An exact transcription of all the data is required; the pictures are to be left out.

================================

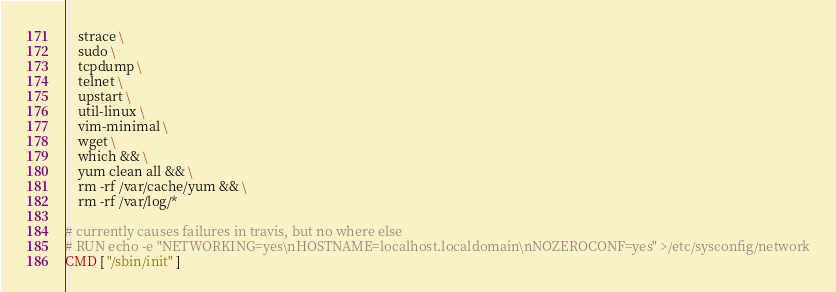<code> <loc_0><loc_0><loc_500><loc_500><_Dockerfile_>    strace \
    sudo \
    tcpdump \
    telnet \
    upstart \
    util-linux \
    vim-minimal \
    wget \
    which && \
    yum clean all && \
    rm -rf /var/cache/yum && \
    rm -rf /var/log/*

# currently causes failures in travis, but no where else
# RUN echo -e "NETWORKING=yes\nHOSTNAME=localhost.localdomain\nNOZEROCONF=yes" >/etc/sysconfig/network
CMD [ "/sbin/init" ]
</code>

================================

## The completed task:
<code> <loc_0><loc_0><loc_500><loc_500><_Dockerfile_>    strace \
    sudo \
    tcpdump \
    telnet \
    upstart \
    util-linux \
    vim-minimal \
    wget \
    which && \
    yum clean all && \
    rm -rf /var/cache/yum && \
    rm -rf /var/log/*

# currently causes failures in travis, but no where else
# RUN echo -e "NETWORKING=yes\nHOSTNAME=localhost.localdomain\nNOZEROCONF=yes" >/etc/sysconfig/network
CMD [ "/sbin/init" ]
</code>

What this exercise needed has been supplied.